In November 2022, Airbus (Leiden, the Netherlands) sent into orbit the third and fourth of its Pléiades Neo earth-observing satellites, giving the aerospace giant one of the most advanced veryhigh-resolution (30 cm) commercial optical constellations to date [1] (Fig. 1). The satellites, which will capture 2 × 106 km2 of land every day and deliver data at unprecedented speed, exemplify the mainstreaming of satellite imagery, once the sole domain of military and governments and now tracking to be a 12.5 billion USD business within the next decade [2].

《Fig. 1》

Fig. 1. An artist’s conception of one of Airbus’ Pléiades Neo satellites. The satellites image the Earth’s surface with 30 cm resolution and capture imaging data in six different spectral channels, each optimized for imaging specific features such as vegetation and bodies of water. Credit: Airbus (public domain).

With more than 700 ‘‘Earth-observing” satellites in orbit, a number expected to more than double in the next decade (contributing slightly to the space debris problem [3]), high-resolution satellite images, which used to cost tens of thousands of dollars each, can now be purchased for the price of a cup of coffee [4]. And as cost has decreased, the user base has increased. Businesses can use this near real-time information to make financial decisions, scientists can use it to track changes to myriad features of the Earth, and non-governmental organizations (NGOs) can monitor illicit activities.

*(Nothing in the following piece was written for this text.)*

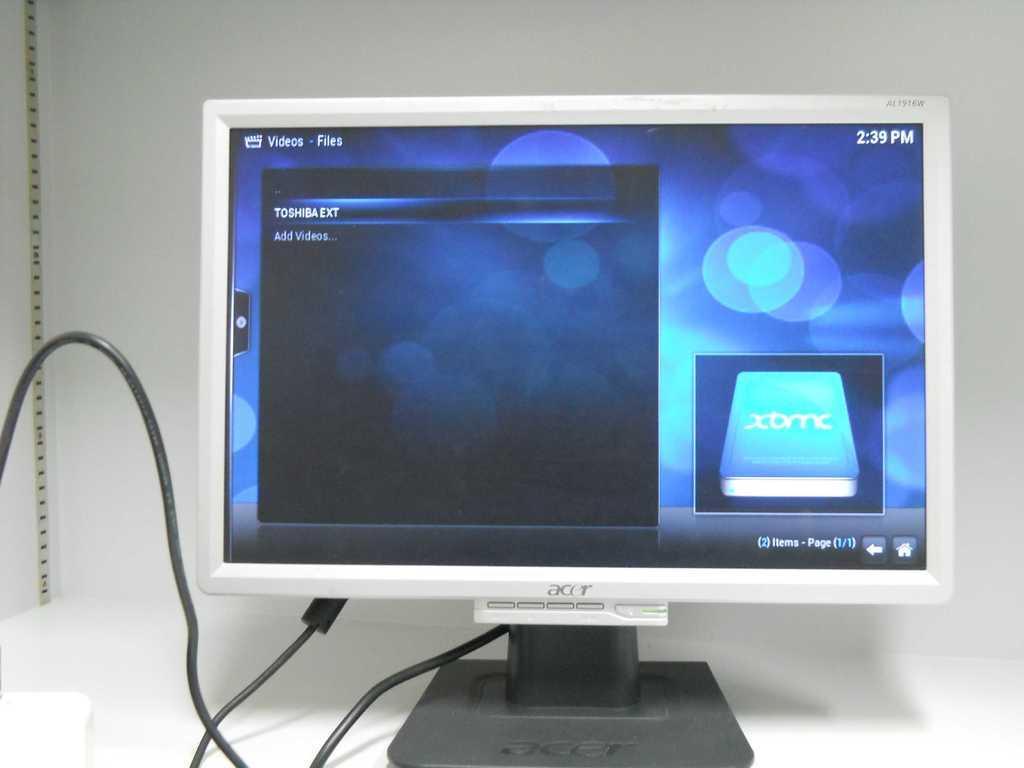Describe this image in one or two sentences. In this image we can see a computer placed on the table. In the background there is a wall. 
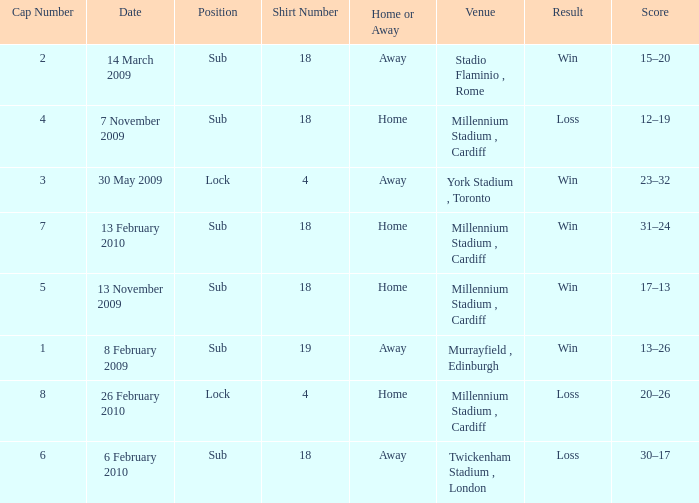Can you tell me the Score that has the Result of win, and the Date of 13 november 2009? 17–13.

‘‘The potential uses are almost unlimited,” said Marco Caceres, a space analyst with the Teal Group, an aerospace and defense industry analysis firm based in Fairfax, VA, USA. ‘‘It is really up to the imagination of those with access to these images, which is now pretty much every one.”

While early earth-observing satellites weighed as much as dump trucks and cost as much as 400 million USD, modern versions are often the size of a toaster, cost as little as 1 million USD or less, and can be mass-produced in factories. These much smaller satellites have, in turn, facilitated the rise of less expensive rockets designed specifically to launch flocks of small satellites. As more Earth-observing satellites are placed in orbit, more images are being taken, with some areas of Earth imaged several times a day.

Though many of the technical innovations leading to ever-smaller satellites and rockets were developed in the United States, US laws initially prevented their use by NGOs. ‘‘Policy has lagged technological development, particularly in the United States,” said Brian Weeden, director of program planning at the Secure World Foundation, a Washington, DC-based consultancy focused on space sustainability issues.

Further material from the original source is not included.